▶ _TASK DIRECTIONS_:
In the data below, which lines hold the word "size"? Copy them.

------ RAW DATA ------

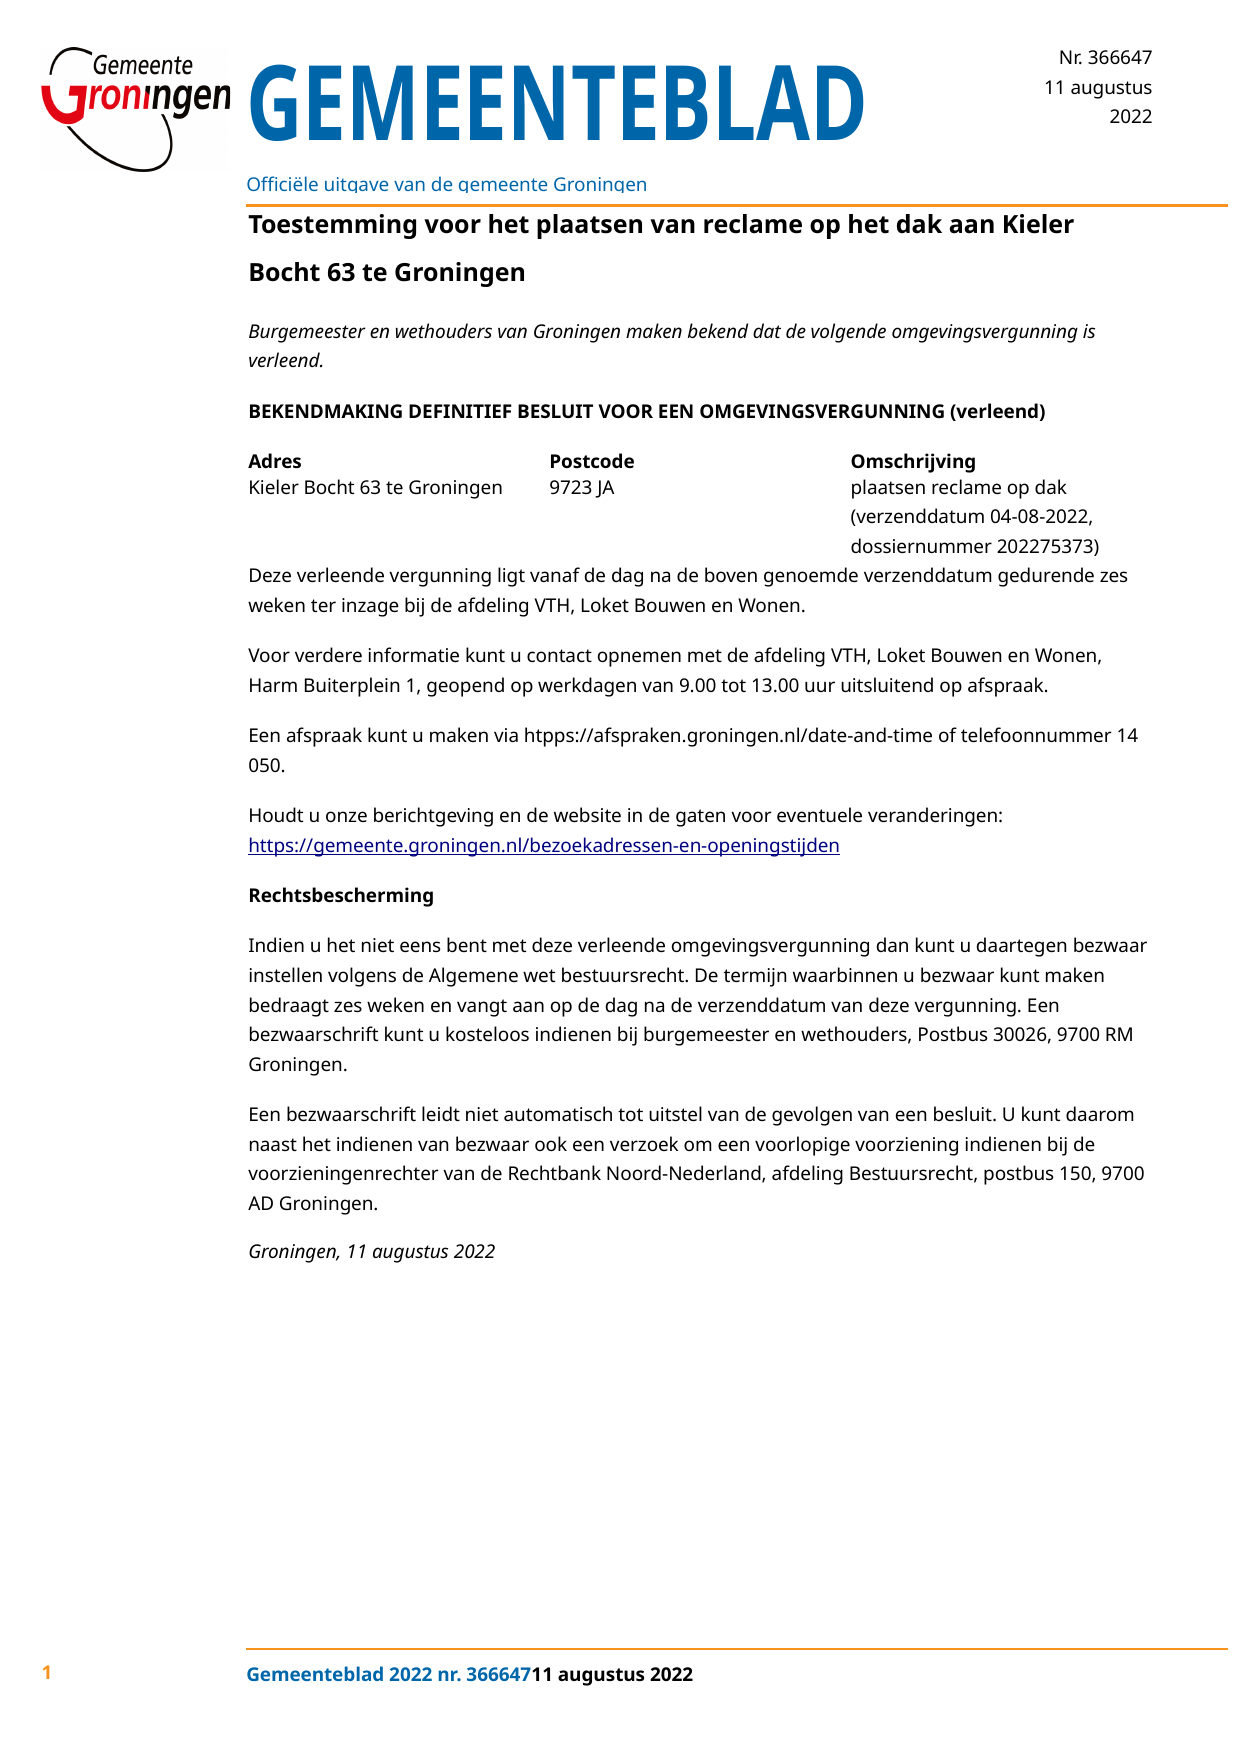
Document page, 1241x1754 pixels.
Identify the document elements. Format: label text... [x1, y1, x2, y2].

------
------ RAW DATA ------

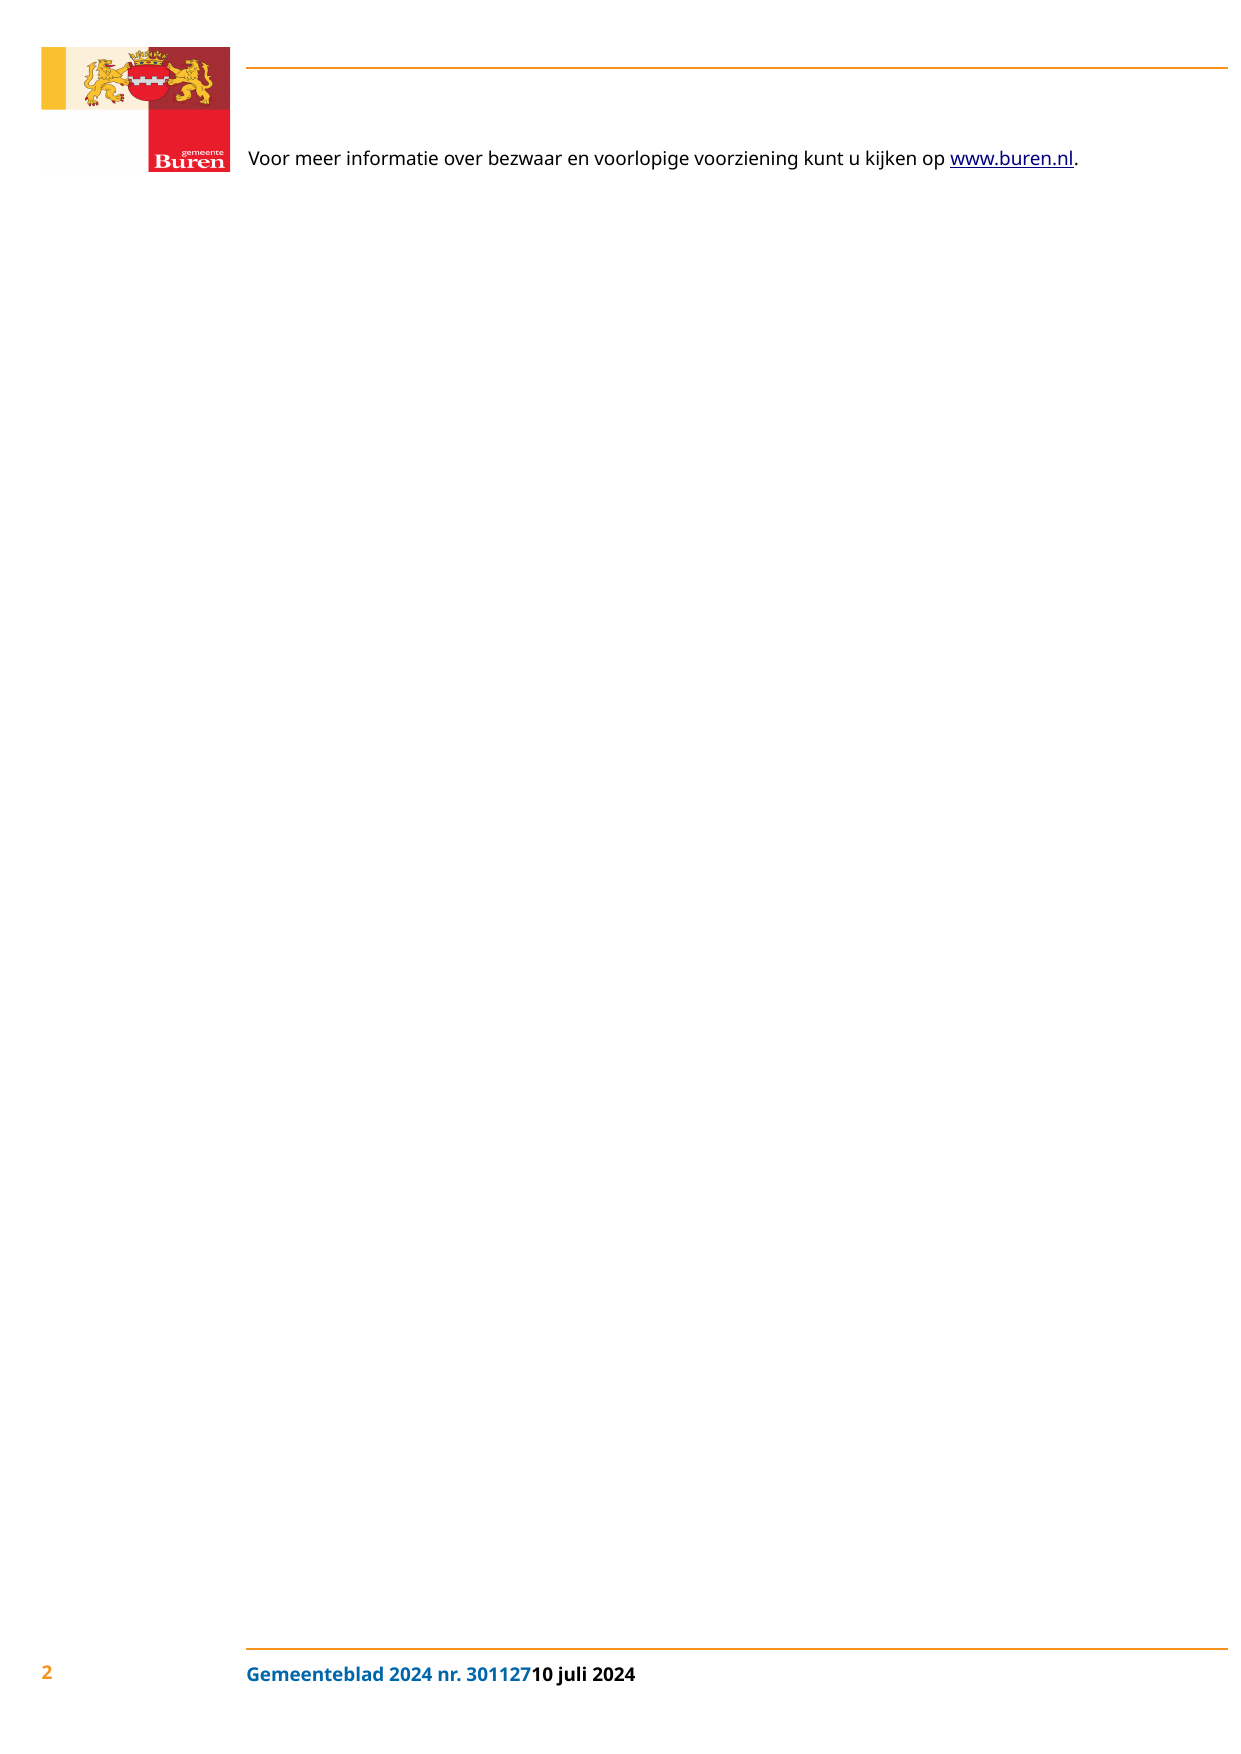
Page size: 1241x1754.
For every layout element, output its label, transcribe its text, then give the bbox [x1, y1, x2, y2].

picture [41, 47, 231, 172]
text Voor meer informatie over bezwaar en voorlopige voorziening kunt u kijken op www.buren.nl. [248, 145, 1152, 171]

------
------ RAW DATA ------

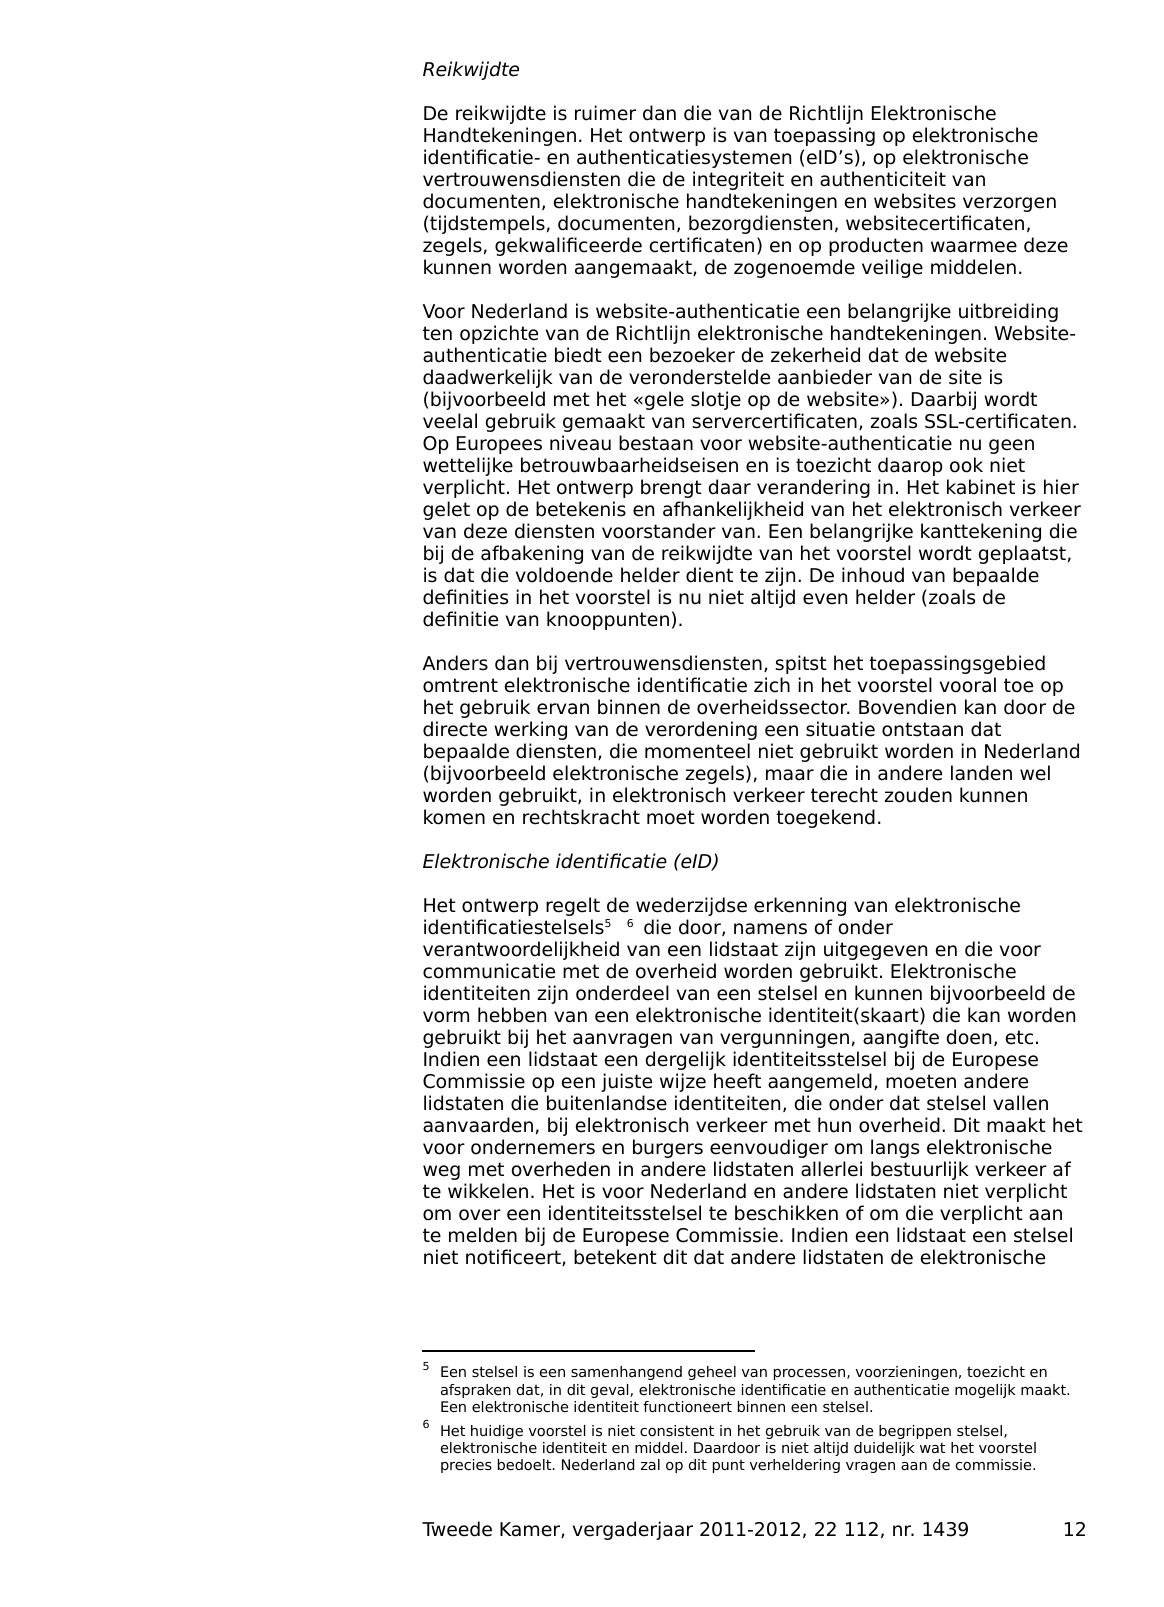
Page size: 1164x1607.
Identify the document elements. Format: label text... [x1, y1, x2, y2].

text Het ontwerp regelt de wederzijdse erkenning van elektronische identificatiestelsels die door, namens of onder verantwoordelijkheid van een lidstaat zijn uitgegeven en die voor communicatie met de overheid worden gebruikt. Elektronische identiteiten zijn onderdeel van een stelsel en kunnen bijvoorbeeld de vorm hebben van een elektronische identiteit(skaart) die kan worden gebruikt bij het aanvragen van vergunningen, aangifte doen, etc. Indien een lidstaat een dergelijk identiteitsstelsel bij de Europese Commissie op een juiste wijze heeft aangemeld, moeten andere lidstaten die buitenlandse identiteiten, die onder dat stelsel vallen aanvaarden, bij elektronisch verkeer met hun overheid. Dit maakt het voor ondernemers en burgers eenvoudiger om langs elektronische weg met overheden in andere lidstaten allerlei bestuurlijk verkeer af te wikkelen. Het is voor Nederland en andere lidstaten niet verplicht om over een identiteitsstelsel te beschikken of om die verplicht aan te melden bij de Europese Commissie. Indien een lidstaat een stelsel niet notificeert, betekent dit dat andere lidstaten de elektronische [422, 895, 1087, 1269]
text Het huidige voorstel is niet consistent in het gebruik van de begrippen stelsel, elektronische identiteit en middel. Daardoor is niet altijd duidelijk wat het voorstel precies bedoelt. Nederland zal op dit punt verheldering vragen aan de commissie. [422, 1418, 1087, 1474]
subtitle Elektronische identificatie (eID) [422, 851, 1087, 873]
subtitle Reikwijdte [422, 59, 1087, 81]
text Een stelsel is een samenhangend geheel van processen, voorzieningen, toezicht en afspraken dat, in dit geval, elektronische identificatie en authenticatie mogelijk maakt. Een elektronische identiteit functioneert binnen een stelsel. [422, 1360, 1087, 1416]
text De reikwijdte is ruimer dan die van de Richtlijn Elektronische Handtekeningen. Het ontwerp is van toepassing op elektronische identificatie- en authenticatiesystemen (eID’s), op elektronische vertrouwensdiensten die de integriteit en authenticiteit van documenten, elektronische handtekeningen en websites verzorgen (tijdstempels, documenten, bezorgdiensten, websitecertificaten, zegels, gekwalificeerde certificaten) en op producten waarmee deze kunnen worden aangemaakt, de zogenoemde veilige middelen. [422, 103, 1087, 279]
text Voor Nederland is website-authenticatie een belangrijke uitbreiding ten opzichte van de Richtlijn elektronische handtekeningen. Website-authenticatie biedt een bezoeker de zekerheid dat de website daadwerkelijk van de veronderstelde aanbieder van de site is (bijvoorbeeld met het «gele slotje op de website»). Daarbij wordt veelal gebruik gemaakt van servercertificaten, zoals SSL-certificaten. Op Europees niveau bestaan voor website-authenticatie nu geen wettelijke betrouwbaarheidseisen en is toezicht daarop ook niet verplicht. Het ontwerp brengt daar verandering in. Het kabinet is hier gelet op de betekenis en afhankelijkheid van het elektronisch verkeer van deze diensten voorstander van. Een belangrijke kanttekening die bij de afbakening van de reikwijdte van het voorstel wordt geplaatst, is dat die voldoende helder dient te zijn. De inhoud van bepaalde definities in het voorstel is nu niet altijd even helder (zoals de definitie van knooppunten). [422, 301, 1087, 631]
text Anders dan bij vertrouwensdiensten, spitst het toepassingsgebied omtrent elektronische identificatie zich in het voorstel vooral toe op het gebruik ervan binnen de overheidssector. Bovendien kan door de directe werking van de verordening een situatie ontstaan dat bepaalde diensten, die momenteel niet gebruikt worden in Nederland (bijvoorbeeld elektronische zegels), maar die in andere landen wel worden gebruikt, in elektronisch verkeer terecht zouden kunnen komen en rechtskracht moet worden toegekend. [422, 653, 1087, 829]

------

▶ _THE ANSWER_:
Page size: 1241x1754.
Page size: 1164x1607.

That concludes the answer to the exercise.